• [WHAT THE EXERCISE ASKS] From the entries, return every line where the string "result" shows up.

• [INFORMATION SHOWN]
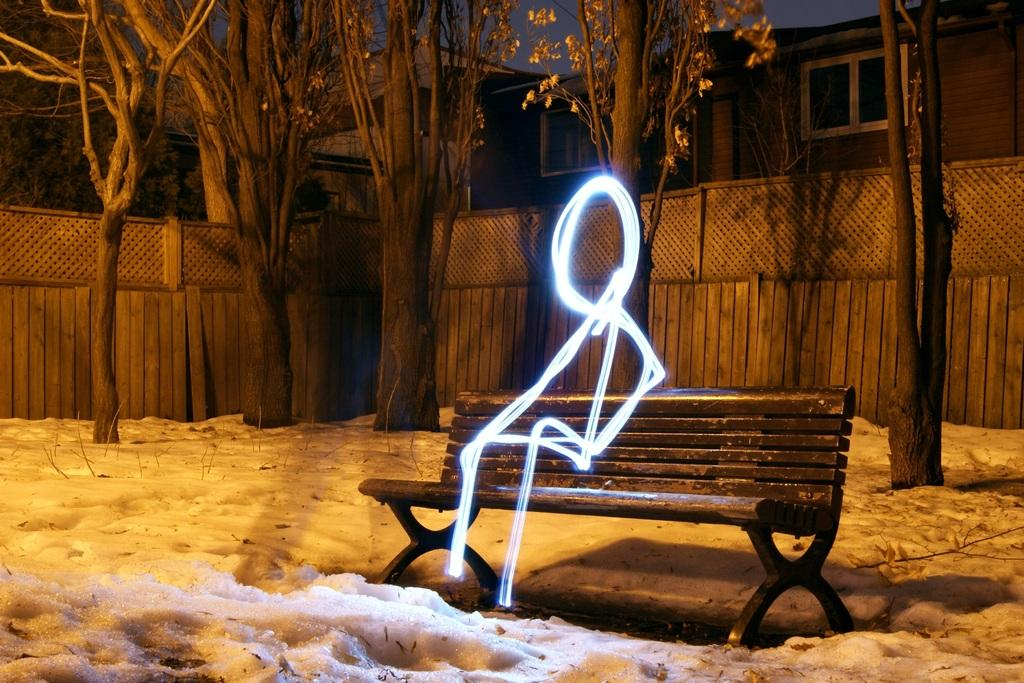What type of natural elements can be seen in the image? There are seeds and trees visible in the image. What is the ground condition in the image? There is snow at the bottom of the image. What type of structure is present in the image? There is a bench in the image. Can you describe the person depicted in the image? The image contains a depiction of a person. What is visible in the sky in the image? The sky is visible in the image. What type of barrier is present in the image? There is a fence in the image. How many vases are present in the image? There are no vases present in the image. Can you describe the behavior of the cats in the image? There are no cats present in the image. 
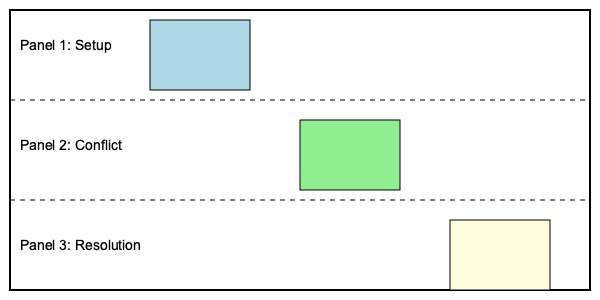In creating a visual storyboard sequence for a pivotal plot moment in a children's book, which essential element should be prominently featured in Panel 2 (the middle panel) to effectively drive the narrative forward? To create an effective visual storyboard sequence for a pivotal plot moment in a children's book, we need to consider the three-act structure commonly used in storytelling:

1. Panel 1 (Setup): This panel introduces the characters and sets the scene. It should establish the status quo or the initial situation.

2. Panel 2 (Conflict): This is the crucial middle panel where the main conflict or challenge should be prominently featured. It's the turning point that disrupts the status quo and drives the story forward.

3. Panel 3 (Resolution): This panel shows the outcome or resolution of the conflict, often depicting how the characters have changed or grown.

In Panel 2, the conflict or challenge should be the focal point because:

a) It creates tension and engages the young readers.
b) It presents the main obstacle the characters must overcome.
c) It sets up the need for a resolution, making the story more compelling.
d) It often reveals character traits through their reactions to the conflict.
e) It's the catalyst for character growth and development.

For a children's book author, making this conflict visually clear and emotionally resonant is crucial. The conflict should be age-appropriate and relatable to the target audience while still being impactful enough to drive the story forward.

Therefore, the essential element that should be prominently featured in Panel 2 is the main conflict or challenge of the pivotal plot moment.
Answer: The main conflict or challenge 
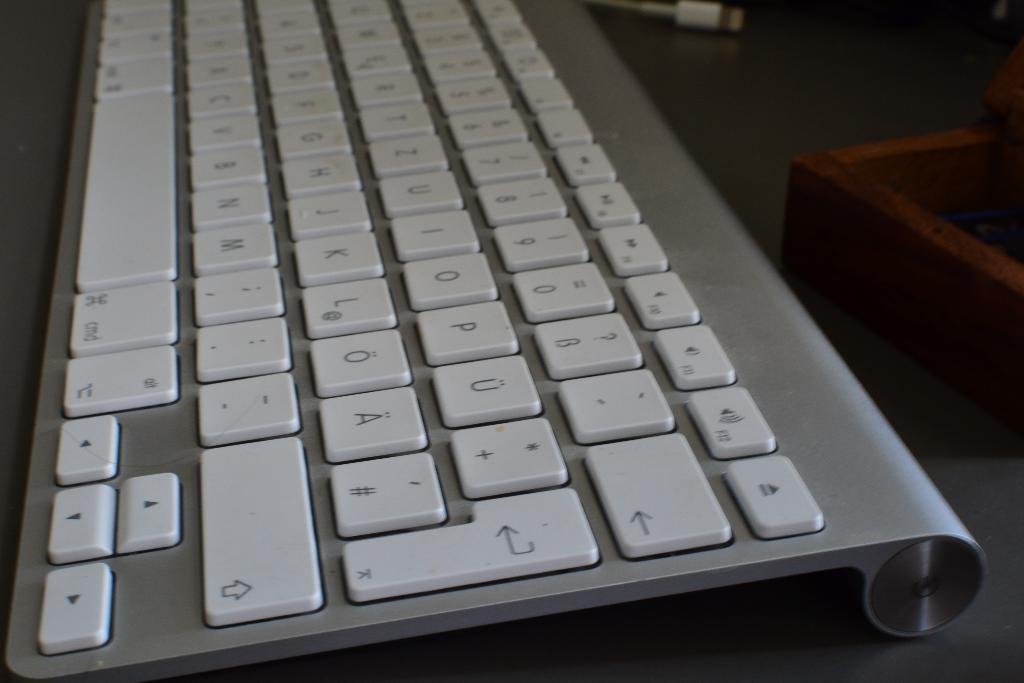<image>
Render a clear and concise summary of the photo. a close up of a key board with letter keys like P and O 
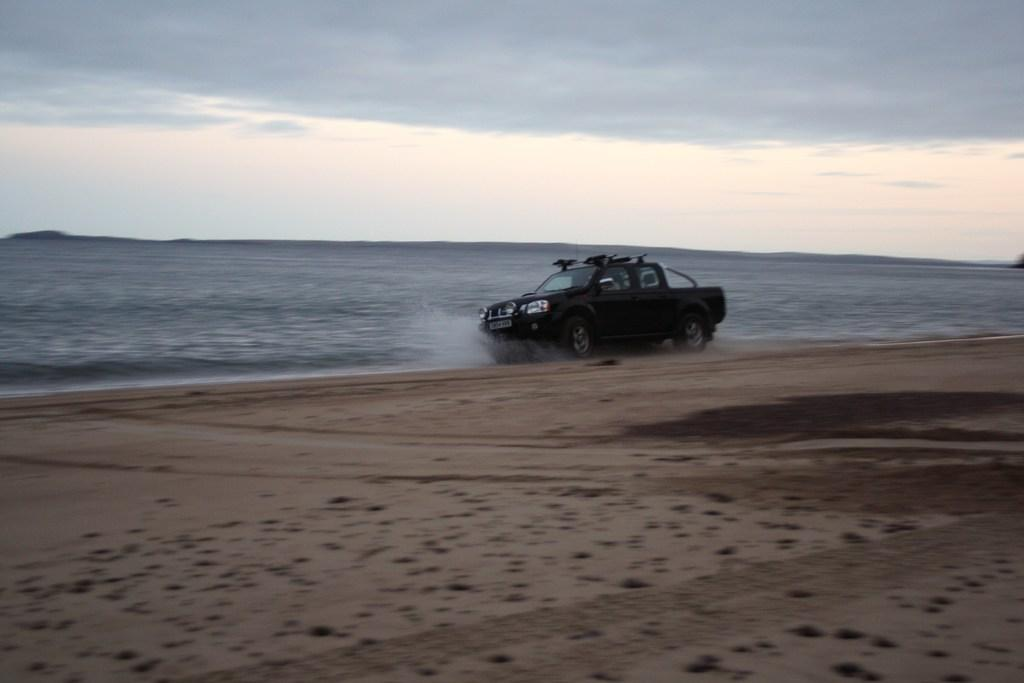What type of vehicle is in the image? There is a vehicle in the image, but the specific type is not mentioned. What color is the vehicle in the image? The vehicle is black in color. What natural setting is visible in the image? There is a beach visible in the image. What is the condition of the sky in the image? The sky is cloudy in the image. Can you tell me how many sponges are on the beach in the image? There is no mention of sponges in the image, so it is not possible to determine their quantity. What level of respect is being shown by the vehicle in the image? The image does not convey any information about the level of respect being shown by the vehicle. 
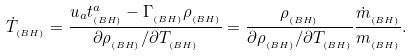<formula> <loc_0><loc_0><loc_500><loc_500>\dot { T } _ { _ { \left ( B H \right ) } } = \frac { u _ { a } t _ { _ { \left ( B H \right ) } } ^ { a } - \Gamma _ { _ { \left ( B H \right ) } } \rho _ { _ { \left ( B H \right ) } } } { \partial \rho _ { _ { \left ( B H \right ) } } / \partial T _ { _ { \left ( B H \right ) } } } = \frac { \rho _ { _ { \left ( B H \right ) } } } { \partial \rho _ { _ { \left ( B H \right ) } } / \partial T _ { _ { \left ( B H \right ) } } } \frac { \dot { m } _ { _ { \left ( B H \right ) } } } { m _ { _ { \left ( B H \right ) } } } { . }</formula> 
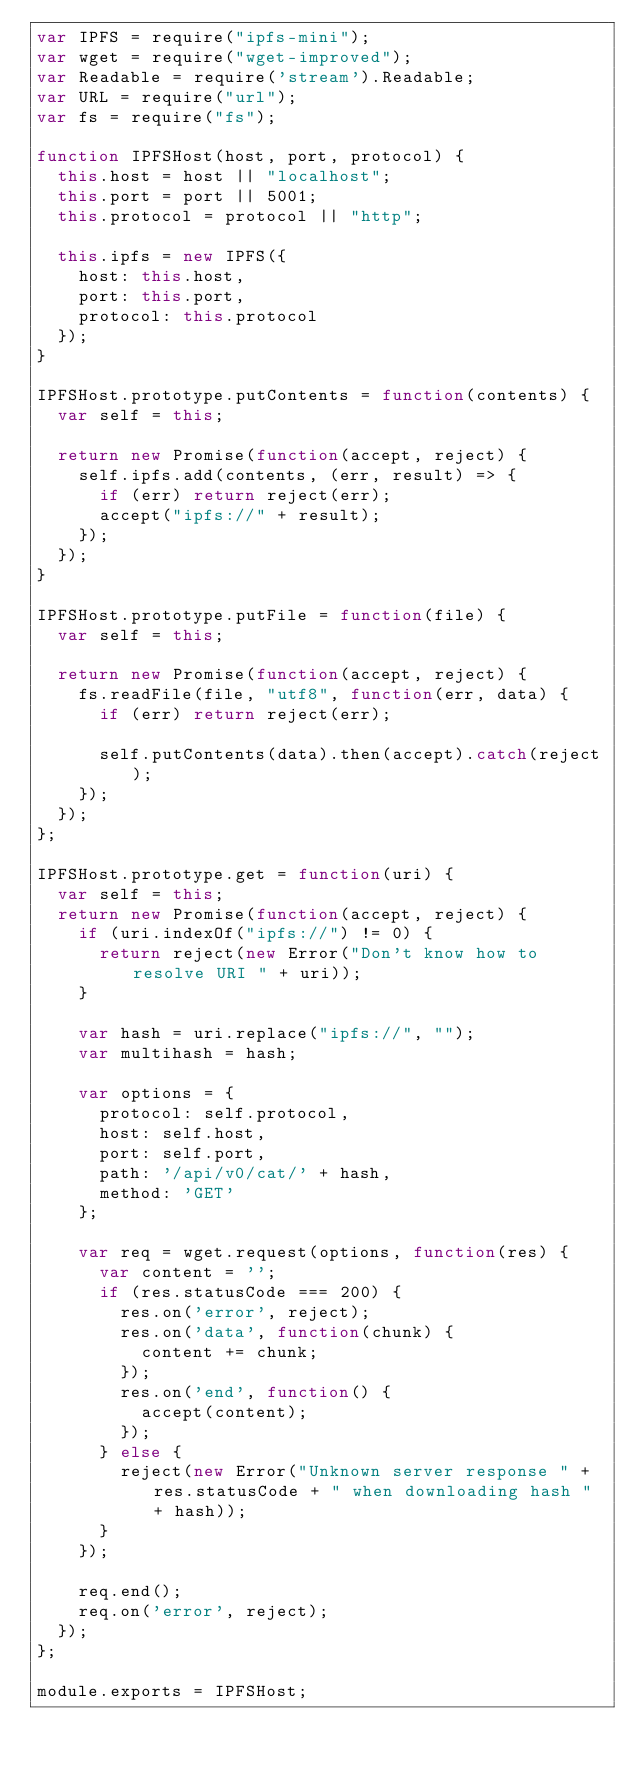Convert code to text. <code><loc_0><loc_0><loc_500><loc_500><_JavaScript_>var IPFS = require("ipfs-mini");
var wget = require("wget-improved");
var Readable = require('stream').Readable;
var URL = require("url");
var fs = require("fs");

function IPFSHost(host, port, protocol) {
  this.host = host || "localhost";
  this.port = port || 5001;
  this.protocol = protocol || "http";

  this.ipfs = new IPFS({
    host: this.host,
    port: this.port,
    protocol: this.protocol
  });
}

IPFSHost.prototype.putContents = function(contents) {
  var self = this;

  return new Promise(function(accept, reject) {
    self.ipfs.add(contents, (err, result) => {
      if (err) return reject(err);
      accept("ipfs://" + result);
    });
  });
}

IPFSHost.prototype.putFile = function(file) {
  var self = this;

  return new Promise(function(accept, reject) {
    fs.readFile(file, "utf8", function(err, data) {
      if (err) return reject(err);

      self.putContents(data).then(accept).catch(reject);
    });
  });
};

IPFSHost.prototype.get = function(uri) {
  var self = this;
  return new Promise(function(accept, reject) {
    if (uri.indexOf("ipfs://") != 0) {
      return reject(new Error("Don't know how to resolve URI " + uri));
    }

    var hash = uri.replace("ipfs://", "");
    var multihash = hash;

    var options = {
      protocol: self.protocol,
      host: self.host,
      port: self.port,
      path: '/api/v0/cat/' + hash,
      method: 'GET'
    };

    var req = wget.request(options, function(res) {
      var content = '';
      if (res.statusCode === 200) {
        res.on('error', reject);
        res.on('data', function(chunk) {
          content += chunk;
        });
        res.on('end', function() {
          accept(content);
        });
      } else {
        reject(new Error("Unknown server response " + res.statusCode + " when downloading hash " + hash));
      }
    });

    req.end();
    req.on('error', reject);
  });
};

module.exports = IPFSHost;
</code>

• [PROBLEM SOLUTION]
    self.ipfs.add(contents, (err, result) => {
      accept("ipfs://" + result);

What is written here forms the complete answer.